Where are all of the Galvanic reactions with those parts? Stop and think about it for a while., then get back to me. The only thing coming to mind is carbon posts getting stuck in Al frames and a little assembly paste when installed will stop that.

Next the Drop out on the OP bike should have been fully painted. That looks like a lot of wear for a frame that has almost no miles and has been properly cared for and store in a safe palace. Why is the drive side drop out fine? or the CS/drop out joint fine?


----------



## Kontact (Apr 1, 2011)

Pirx said:


> So, you guys seriously believe that, in contrast to just about anybody in the world who designs, manufactures, and sells hybrid carbon-metal parts, Colnago is the one company too stupid to figure than one out? Sheesh, get a grip people. One might notice that there's plenty of those frames around that are doing just fine. Colnago-hating aside, why not chalk this up to a manufacturing defect, and get over it? Once we're there, yes, then we can ask whether or not Colnago should have treated this customer differently. I would say, yes, they should have. But insinuating that they simply don't know how to design and manufacture carbon frames is more than a little bit off.

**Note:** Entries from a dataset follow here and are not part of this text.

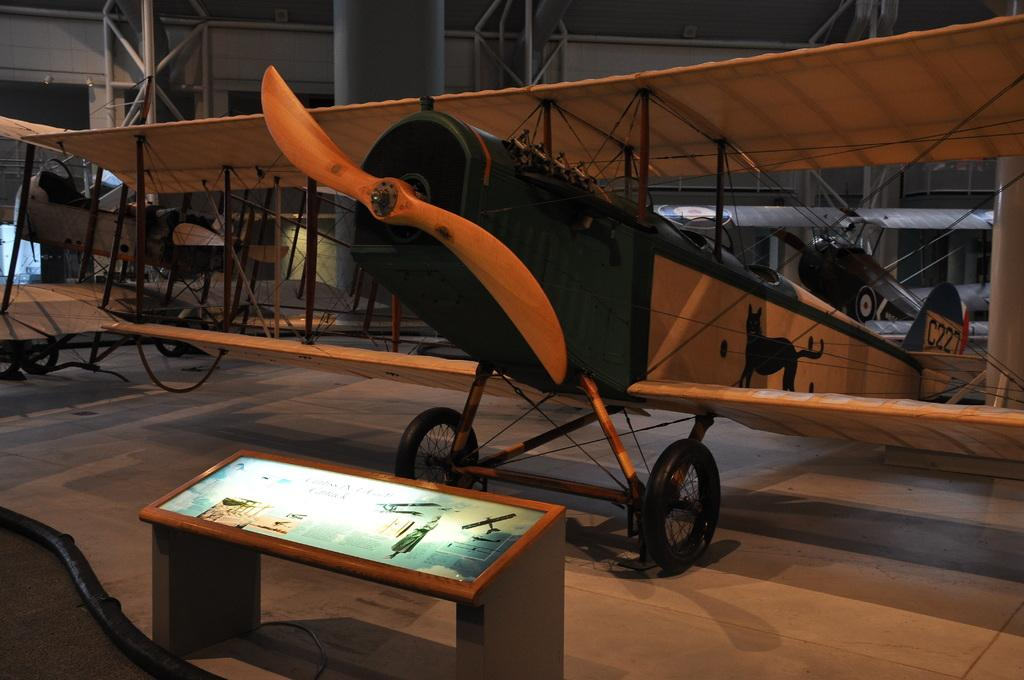What is the main subject of the picture? The main subject of the picture is an airplane. What is located in front of the airplane in the image? There is a model frame in front of the airplane. What type of clam can be seen in the model frame in the image? There is no clam present in the image, as the model frame is in front of the airplane and not related to marine life. 
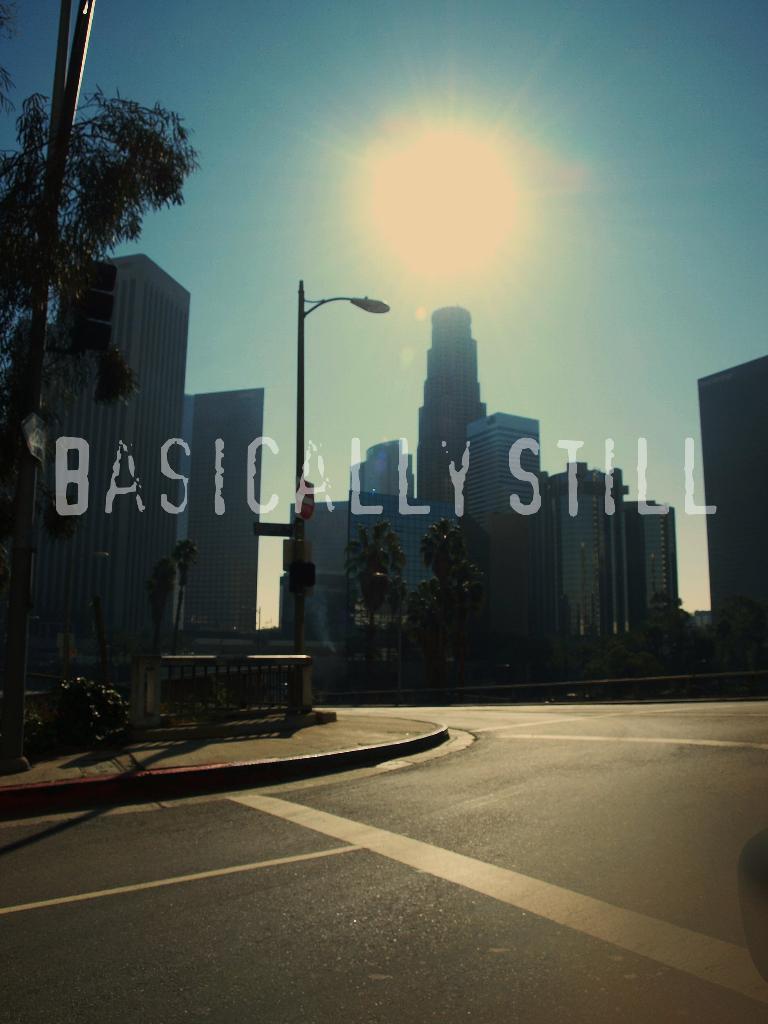Please provide a concise description of this image. This is a picture taken outside a city on the streets. In the foreground of the picture it is road. On the left there are buildings, trees and a street light. In the center of the background there are buildings and trees. Sky is sunny. 
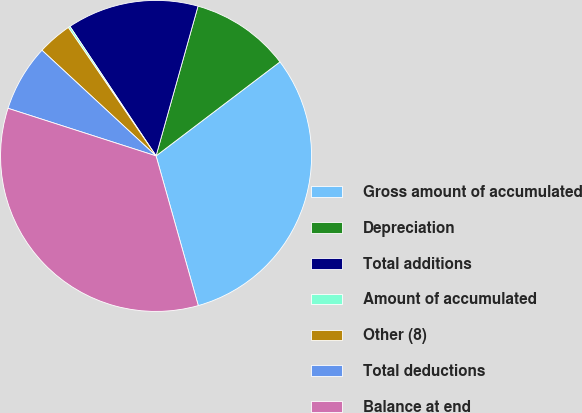<chart> <loc_0><loc_0><loc_500><loc_500><pie_chart><fcel>Gross amount of accumulated<fcel>Depreciation<fcel>Total additions<fcel>Amount of accumulated<fcel>Other (8)<fcel>Total deductions<fcel>Balance at end<nl><fcel>30.96%<fcel>10.32%<fcel>13.69%<fcel>0.2%<fcel>3.57%<fcel>6.94%<fcel>34.33%<nl></chart> 
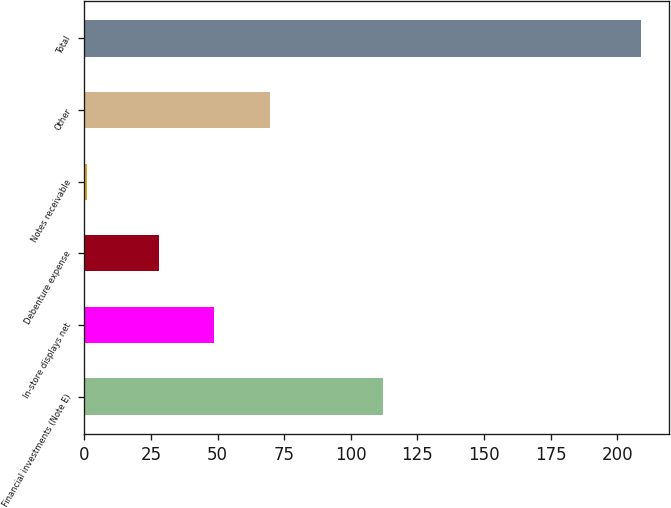Convert chart. <chart><loc_0><loc_0><loc_500><loc_500><bar_chart><fcel>Financial investments (Note E)<fcel>In-store displays net<fcel>Debenture expense<fcel>Notes receivable<fcel>Other<fcel>Total<nl><fcel>112<fcel>48.8<fcel>28<fcel>1<fcel>69.6<fcel>209<nl></chart> 
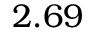Convert formula to latex. <formula><loc_0><loc_0><loc_500><loc_500>2 . 6 9</formula> 
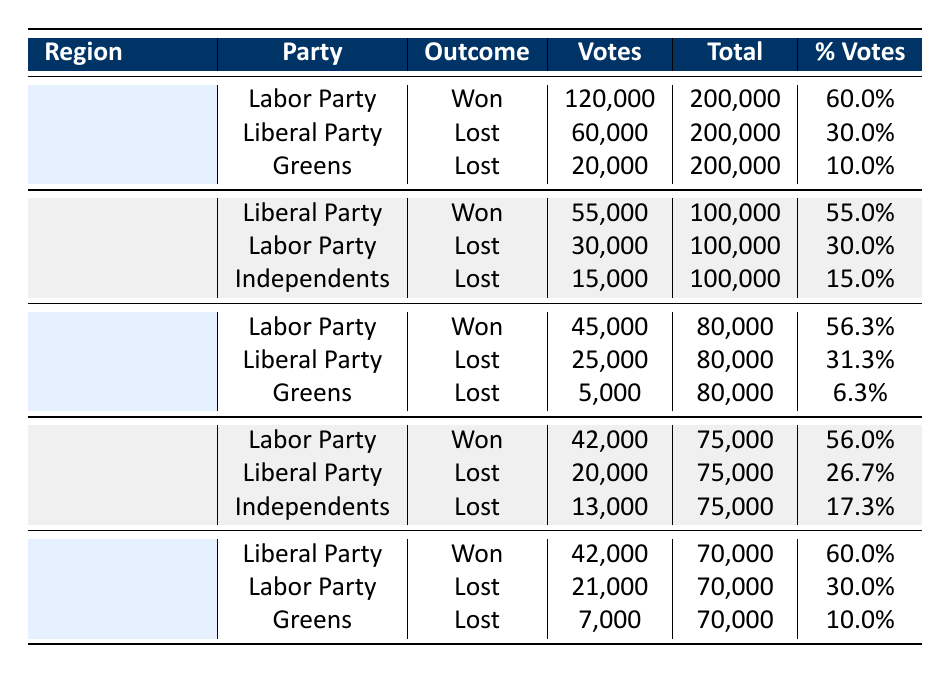What was the total number of votes received by the Labor Party in Melbourne? The Labor Party received 120,000 votes in Melbourne according to the table.
Answer: 120,000 Which political party won in Ballarat? The table shows that the Labor Party won in Ballarat with 45,000 votes.
Answer: Labor Party How many total votes were cast in Geelong? In Geelong, a total of 100,000 votes were cast as indicated in the table.
Answer: 100,000 What percentage of votes did the Liberal Party receive in Warrnambool? The Liberal Party received 42,000 votes which is calculated as 60.0% of the total 70,000 votes in Warrnambool.
Answer: 60.0% Did the Greens win in any region? No, the table indicates that the Greens lost in all regions they contested, confirming they did not win in any.
Answer: No What is the difference in votes received by the Labor Party between Bendigo and Ballarat? In Bendigo, the Labor Party received 42,000 votes, while in Ballarat they received 45,000 votes. The difference is 45,000 - 42,000 = 3,000 votes.
Answer: 3,000 Which region had the closest vote percentage between the two top parties? In Bendigo, the Labor Party won with 56.0% and the Liberal Party received 26.7%, the difference is the least compared to other regions, indicating a closer race.
Answer: Bendigo What was the combined vote percentage of the losing parties in Melbourne? The losing parties in Melbourne were the Liberal Party (30.0%) and Greens (10.0%). Their combined vote percentage is 30.0% + 10.0% = 40.0%.
Answer: 40.0% Which political party had the lowest number of votes overall? The Greens received the least number of votes overall with 5,000 in Ballarat.
Answer: Greens 
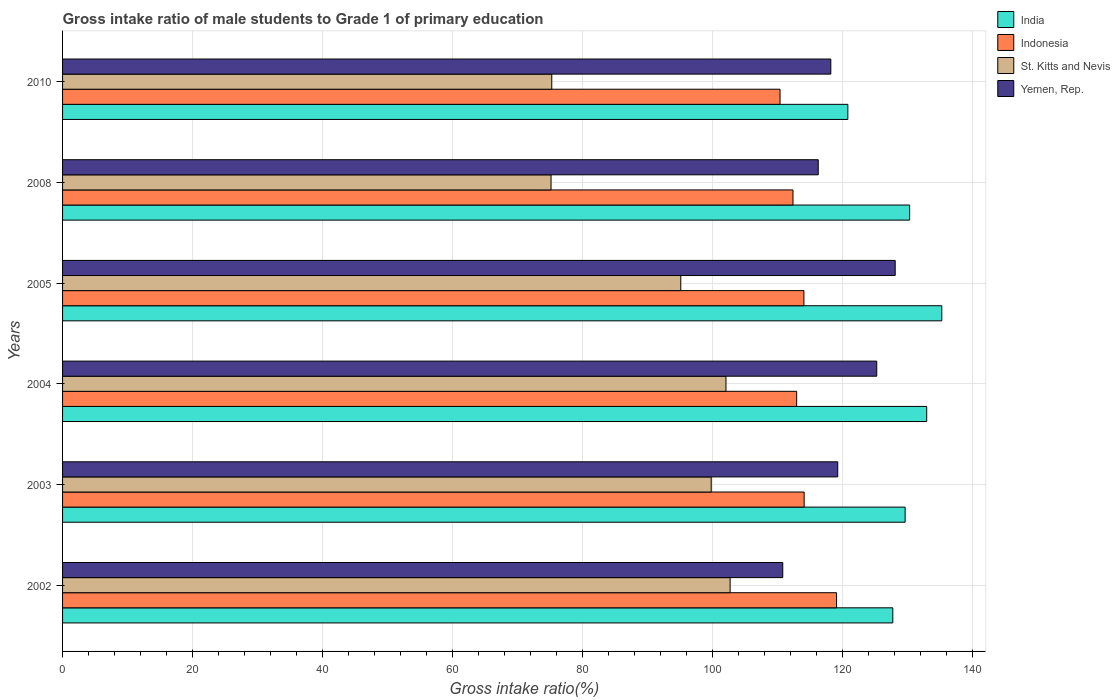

Nope. I think that Colnago, in contrast to bicycle firms in the '80s like Look, offers a 2 year warranty, and does not sweat stuff that takes more than 2 years to fall apart. 

There is nothing special about Colnagos - they are decent bikes, but you can watch videos about how they are made - it isn't a special process. Miter, glue, assemble, bake. Same as any lugged carbon bike built since the beginning.


The only person "insinuating" anything is the guy who insists that what is obviously happening simply couldn't be - because it's a Colnago! Just because a company has a great following and charges through the nose, it doesn't mean that they do everything perfectly. Look at what junk Mercedes have turned into.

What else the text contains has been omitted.